Ranadeep, if the guide above does ne help you, then ask for help in our Spyware removal forum.
crispien, looks like you`re clean. Wait a few days, then update Malwarebytes and perform a new scan.
Tom, try split fix.reg to three parts (split at blank line). Then try run first part, second part, …
Patrik – your efforts are very much appreciated
got xp guardian tue..found you wed…steps worked perfectly…no more xp guardian….keep up the good work…thanks a million
Tom, thanks.
Process was simple. Links were accurate/current.
I’ve been paid in beers for your useful info.
Can I just say:
Thank You, Thank You, Thank You, Thank You, Thank You, Thank You, Thank You, Thank You, Thank You, Thank You, Thank You, Thank You, Thank You, Thank You.
The first computer that got infected with this crap took me a full day to clean up. I followed your procedure, and it was 1-2-3-DONE.
Again…THANK YOU!
trying step 1 and i am getting
“Cannot import C:\Documents and Settings\Justin\Desktop\fix.reg: Error accessing the registry.”
I copy and pasted everything verbatim from above.
This was by far the easiest instructions I’ve found. Had 2 pc’s that were infected. First one was easy since the user just stopped using it on the first pop up. The other tryed to fix it himself and it just got worse. You have saved the day! Thanks!!!
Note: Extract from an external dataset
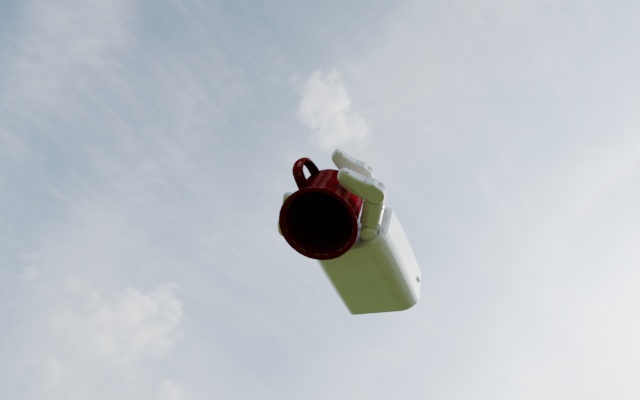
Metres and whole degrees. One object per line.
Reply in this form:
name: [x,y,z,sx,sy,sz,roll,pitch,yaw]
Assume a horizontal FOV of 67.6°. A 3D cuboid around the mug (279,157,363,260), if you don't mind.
mug: [-0.001,0.001,0.574,0.093,0.117,0.081,-23,17,23]

WOW! Perfect advice from start to finish! I have my PC back! Thank you soooo much.
hey this is a really late reply, but I did what you said and it worked perfectly. thank you!
patrik, this worked perfectly — thanks. but is there a way to prevent this from happening in the future?
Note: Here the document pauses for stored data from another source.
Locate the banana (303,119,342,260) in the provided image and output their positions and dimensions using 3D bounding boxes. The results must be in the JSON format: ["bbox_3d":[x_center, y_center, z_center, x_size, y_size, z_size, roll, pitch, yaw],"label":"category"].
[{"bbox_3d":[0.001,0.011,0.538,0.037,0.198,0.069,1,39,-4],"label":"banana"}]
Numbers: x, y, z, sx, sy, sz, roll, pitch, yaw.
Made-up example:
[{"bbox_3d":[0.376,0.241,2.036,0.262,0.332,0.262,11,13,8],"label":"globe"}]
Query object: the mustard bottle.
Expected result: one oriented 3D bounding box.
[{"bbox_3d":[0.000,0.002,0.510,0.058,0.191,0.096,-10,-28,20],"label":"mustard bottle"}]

My PC was infected by the XP Guardian virus.
I have run the fix.reg and rebooted.
Then I downloaded mbam-setup.exe and run it and restarted. When I open up IE it says add-ons are disabled,unable to open up videos. Also when you try to fix ,select manage add-ons is greyed out in IE.Please help!!!
Mona
Ok – I did the step1 — and now when I rebooted the computer I can do nothing! Everything I try to do I get this message:
This file does not have a program associated with it for performing this action. Create an association in the Folder Options control panel.
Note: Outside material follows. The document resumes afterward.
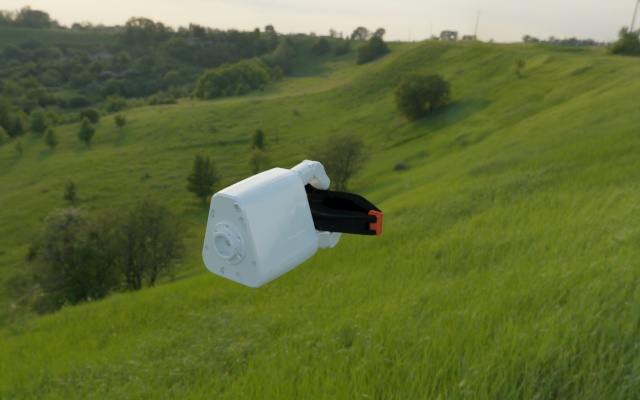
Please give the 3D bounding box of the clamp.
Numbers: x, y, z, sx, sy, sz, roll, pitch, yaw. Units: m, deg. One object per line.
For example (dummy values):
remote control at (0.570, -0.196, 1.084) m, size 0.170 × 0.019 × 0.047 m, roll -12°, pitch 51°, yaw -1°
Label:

Now what? This is at work & if I cannot get it fixed I am in big trouble.
i had this come on my comp today and it would not let me go into anything,i have now found you on our other comp so i shall give it ago,first of all i have gone back into system restore set back to a date that you it was working ok. i’m trying that first then if no good i shall try yours great thanks for your help..
I had this shit on my computer – needed to access it immediately.
Used the solution provided by this website.
IT WORKS!!!!!!!!!!!!!!!!!!!!!!!!!!!!!!!!
THANK YOU!!!!!!!!!!!!!!!!!!!!!!!!!!!!!!!